Sometimes, too, standard remedies for chronic constipation are ineffective. None worked for my friend, a New Yorker who suddenly developed an extremely painful problem at age 73 that was finally diagnosed as a failure of her pelvic floor muscles to relax when they are supposed to and allow the stool to pass through. Instead of relaxing, the muscles around the rectum contract. “It is a learned unconscious act that can be unlearned,” Wald explained.
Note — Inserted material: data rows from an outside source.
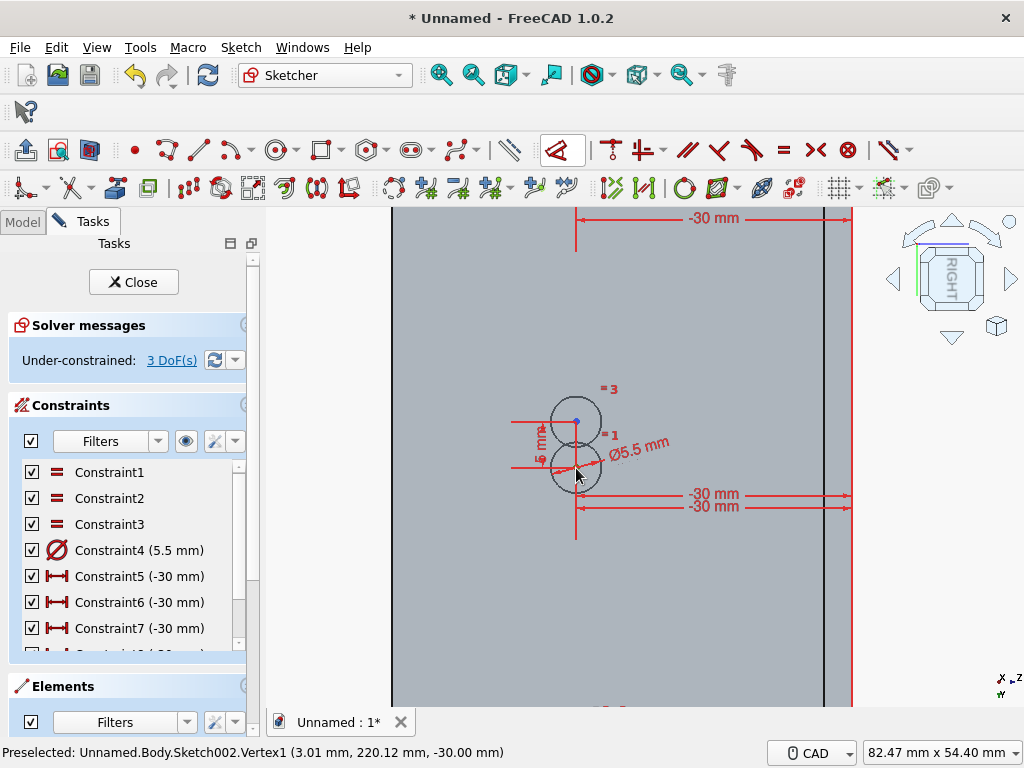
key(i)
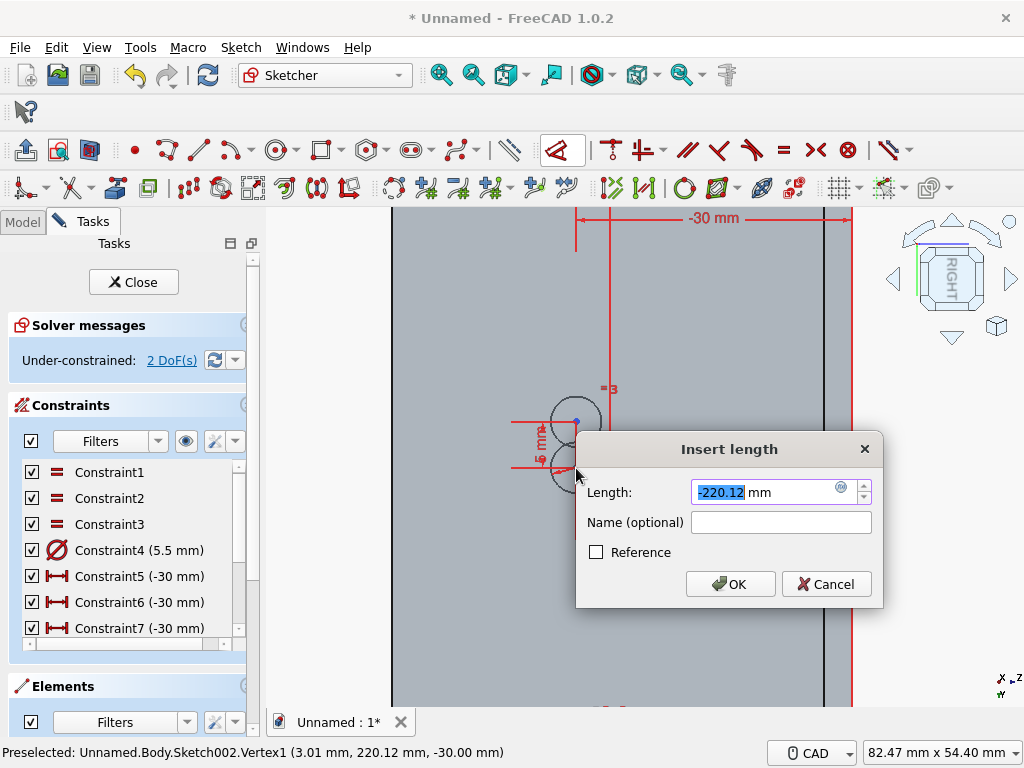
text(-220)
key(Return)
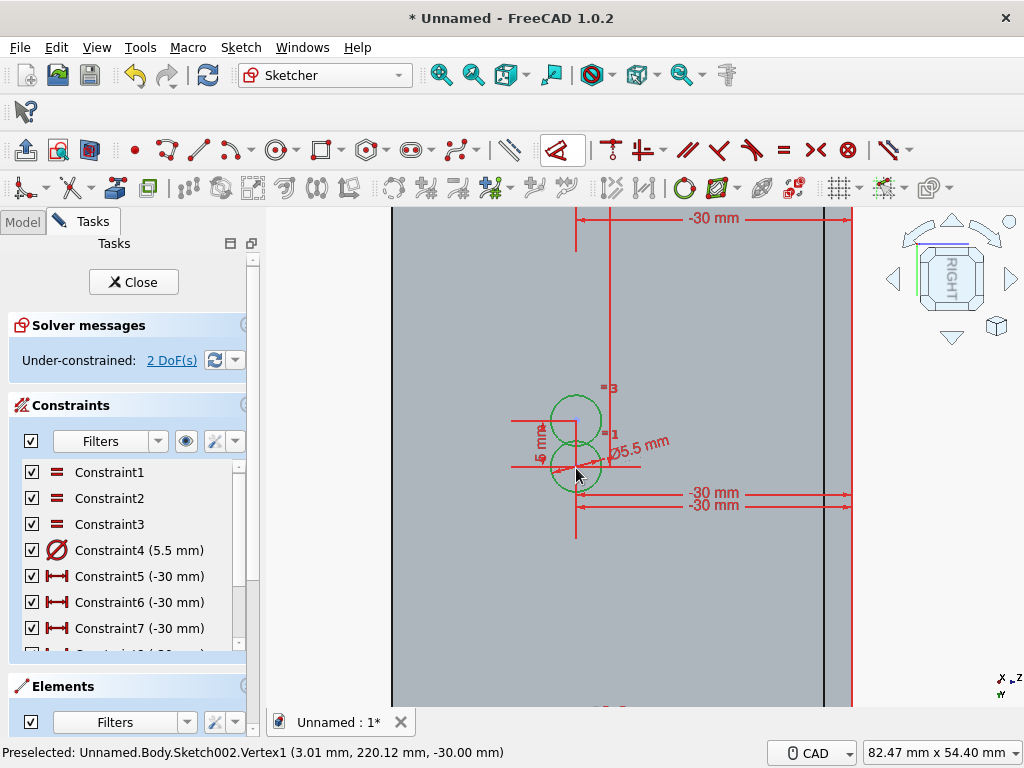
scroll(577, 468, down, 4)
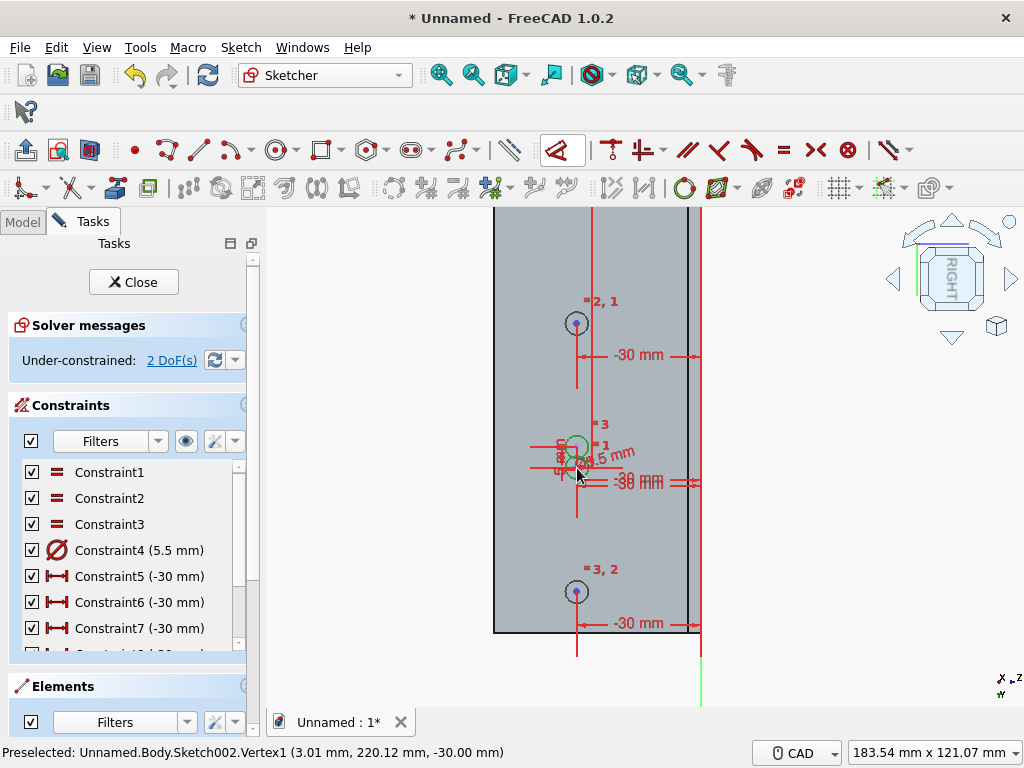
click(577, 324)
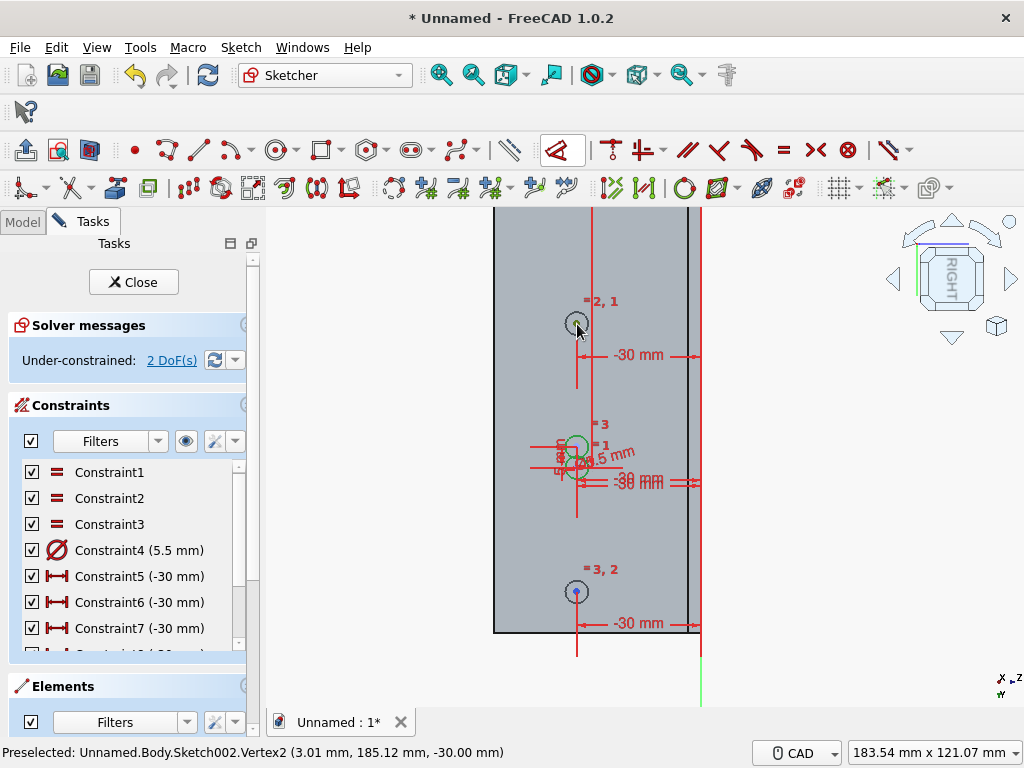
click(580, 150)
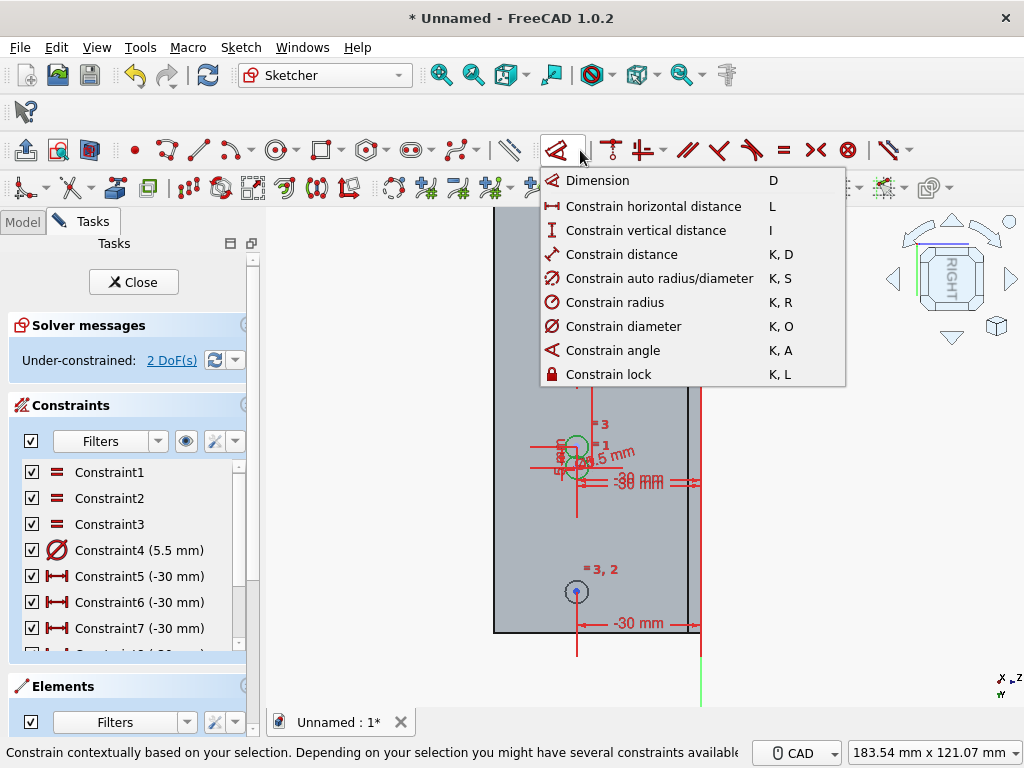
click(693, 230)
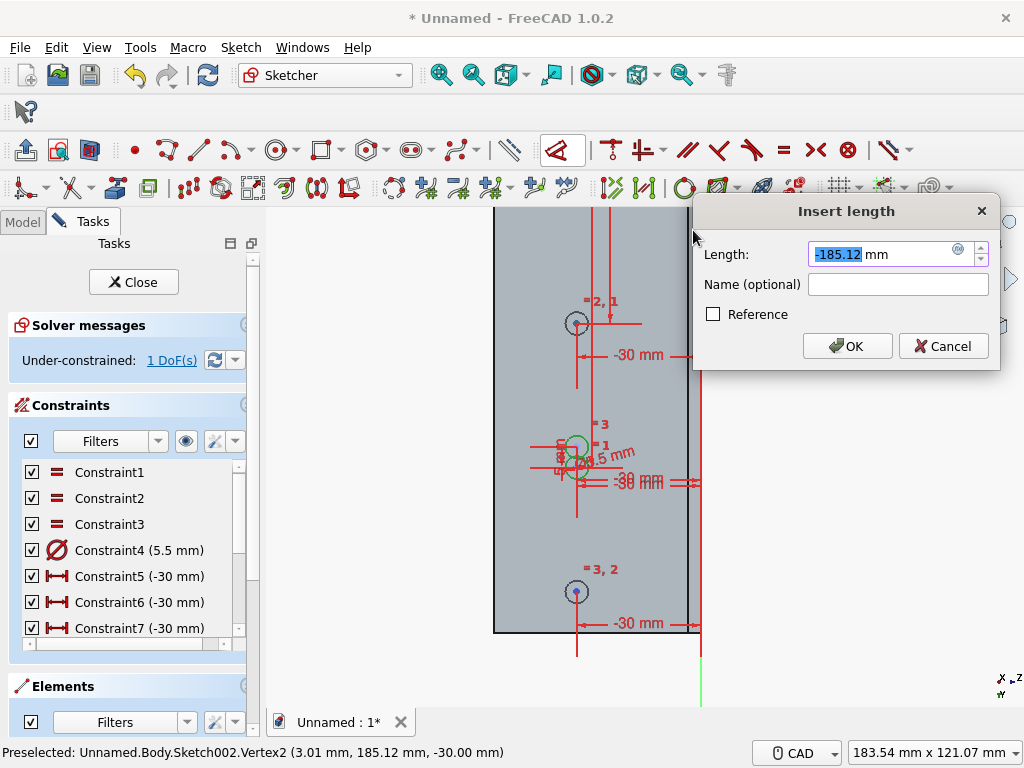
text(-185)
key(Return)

Despite the usual remedies of diet, exercise and a costly prescription-only stool softener, the problem has recurred every eight days or so, she said. She is now being treated with deep breathing exercises 10 times a day and abdominal massage above the colon twice a day, and has begun biofeedback to “retrain” the muscles that are responsible for normal colorectal action. Wald said that biofeedback training, when done properly, is effective in about 80 percent of cases.
My friend’s experience underscores the importance of consulting an expert when constipation persists and fails to respond adequately to self-help measures of diet, exercise and over-the-counter remedies.
Jane Brody is an American author on science and nutrition topics who reports for The New York Times as its “Personal Health” columnist.